This needs a little explanation. Firstly, the way R defines functions needs some deconstructing. The general form is something like my.fun <- function(x,y) { ... } - which looks like an assignment statement, due to the <- symbol. Effectively, it is an assignment. On the left is the function name, and on the right is the definition of what the function actually does. In fact, the right hand side is a valid stand-alone expression - describing - but not naming - an algorthm. This can be passed to other functions - such as optimise - that require a function as part of thier input.

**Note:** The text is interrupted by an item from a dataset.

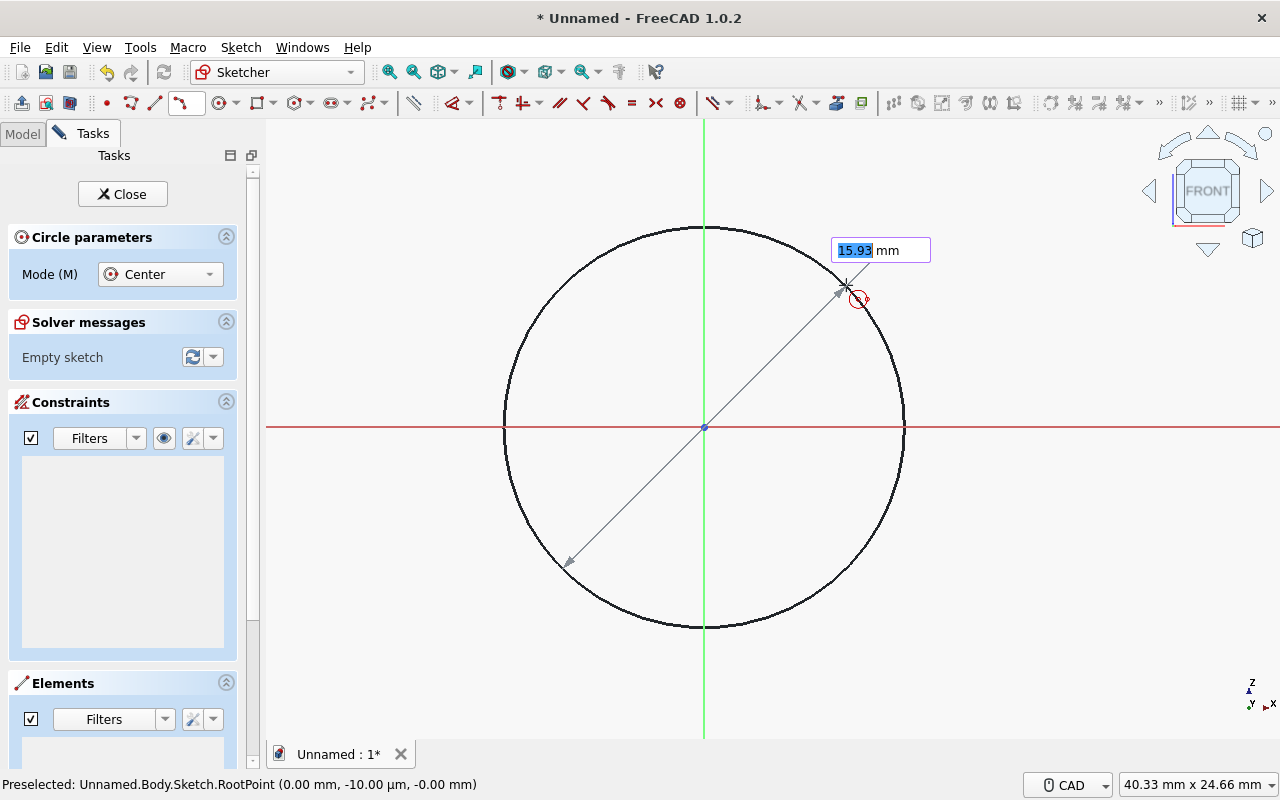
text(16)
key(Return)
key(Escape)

Here, the right hand side is evaluated inside of local. Generally, this doesn’t have much effect - a function definition still makes its own local environment inside the function - but this function contains a <<- operator. Recall this assigns values to variables in the parent environment. Usually, this is the global environment, but because this definition is inside the local expression, it is the environment referred to in my.env. Thus, this function adds its argument to the value of totaliser stored in my.env and returns the updated total as a value. Finally note that the name of the function is set outside of the local expression. Note that the value of this local expression is the definition part of the function - but as the assignment occurs outside of the expression, the name of the function matched with this definition is in the global environment. Thus, we have a function name registered in the global environment, but the parent environment of this function (the one referred to by <<-) is the one referrenced in my.env.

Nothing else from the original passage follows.